A crise financeira internacional fez com que mais mulheres deixassem de lado o trabalho não remunerado, muitas vezes como o de dona de casa, e buscassem uma vaga no mercado do trabalho para complementar a renda familiar.

A avaliação é do economista Carlos Henrique Corseuil que apresentou nesta quinta-feira (23) a análise do Instituto de Pesquisa Econômica Aplicada (Ipea) sobre dados do mercado de trabalho compilados pelo Instituto Brasileiro de Geografia e Estatística (IBGE) no ano passado.

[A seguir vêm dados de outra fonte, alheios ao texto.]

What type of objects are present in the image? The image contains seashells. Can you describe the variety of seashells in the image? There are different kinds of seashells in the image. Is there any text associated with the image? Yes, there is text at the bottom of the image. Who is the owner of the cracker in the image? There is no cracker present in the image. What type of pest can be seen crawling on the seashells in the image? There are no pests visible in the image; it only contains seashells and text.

O documento mostra que entre 2008 e 2009 a participação de mulheres entre os ocupados e desocupados, a População Economicamente Ativa (PEA), passou de 48,8% para 49,7%, enquanto a participação dos homens se manteve estável desde 2008, em 69,9%.

“Em época de crises, é comum observar outros membros dos domicílios indo complementar a renda. Uma mulher que não tinha uma ocupação porque eventualmente não precisava, no momento de crise, passou a procurar uma”, afirmou o economista.

O aumento de mulheres na PEA também contribuiu para o crescimento do contingente de desocupados no país, que não foram totalmente absorvidos pelo mercado de trabalho no período. Dessa forma, a taxa de desemprego fechou o ano em 9,1% – a maior desde 2005.

Por outro lado, segundo o Ipea, 715 mil pessoas incrementaram a população ocupada em 2009, que fechou o ano em 86,7 milhões de trabalhadores, um aumento de 0,8% em relação a 2009. O número absoluto está abaixo da média, que é de 1 milhão de trabalhadores a mais por ano.

“Esta diminuição do ritmo de crescimento da população ocupada parece ser reflexo da crise financeira de 2008-2009”, reforça o comunicado, informando que, no ano passado, foi registrado o menor aumento da década da taxa de crescimento dos ocupados. Em média, entre 2001 e 2009, o avanço do indicador foi de 2,3% ao ano.